Hackers working for Russian intelligence are not doing anything exotic. They are, in the words of a former senior Australian cyber official, rattling doors.

The Australian Signals Directorate (ASD), the country's electronic intelligence and cybersecurity agency, published a joint advisory this week alongside the United States National Security Agency and partner agencies from the United Kingdom, New Zealand, Canada, Finland, France, Denmark, and roughly a dozen other countries. The advisory warns that groups operating on behalf of Russia's Federal Security Service (FSB) are actively targeting critical infrastructure, a broad term covering the systems that keep hospitals, banks, utilities, and governments running.

The method is disarmingly simple. The hackers scan the internet for routers, the physical devices that steer data traffic inside an organisation's network, that still use their factory-set default passwords. Guessing those passwords requires no special skills. Once inside, they quietly copy login credentials and other sensitive information.

Alastair MacGibbon, former head of the Australian Cyber Security Centre, described the campaign to ABC News Australia as bluntly effective. "It's not sophisticated, but it works really well," he said. "It's the equivalent of walking around the internet and rattling the doors of organisations to see if they've been essentially left in a factory setting."

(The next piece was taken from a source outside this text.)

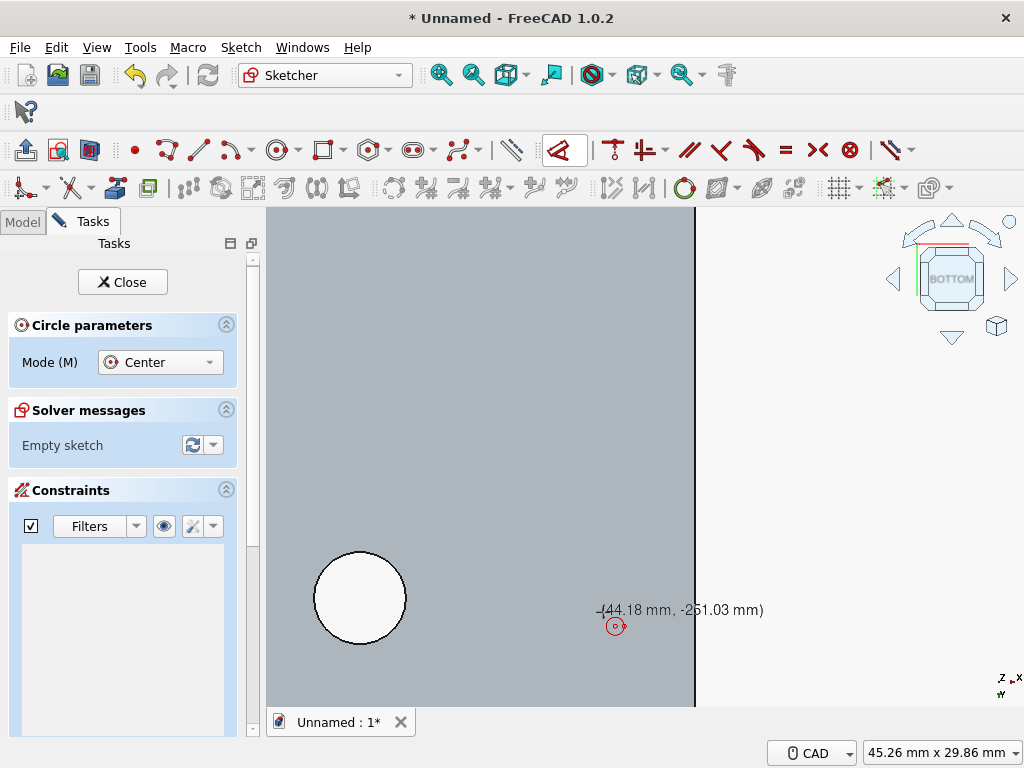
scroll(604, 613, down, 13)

The ASD names several hacking groups it considers frequently responsible: Berserk Bear, Energetic Bear, Crouching Yeti, Dragonfly, Ghost Blizzard, and Static Tundra. Security researchers generally treat these as overlapping names for clusters of FSB-linked operators.

Why should an ordinary Australian be concerned?

Because the sectors under attack directly affect daily life. A breach inside a hospital network can delay patient records and slow care. A foothold in a financial institution can expose customer data. State and local government agencies, flagged in the advisory as particularly vulnerable, hold tax records, welfare information, and licensing data for millions of people.

The fix, for most organisations, is not expensive. The advisory points to basic steps: change default passwords on every network device, apply software updates promptly, and place routers behind a firewall, meaning a security barrier that blocks outside internet traffic from reaching internal equipment directly.

MacGibbon noted that many organisations do not realise their routers are visible to the open internet at all. That invisibility is the real risk. The ASD's own data shows a cybercrime report is filed in Australia approximately every six minutes.

If your organisation uses network equipment of any kind, the single most useful question to ask your IT contact today is: have we changed the default passwords on every router and switch we own?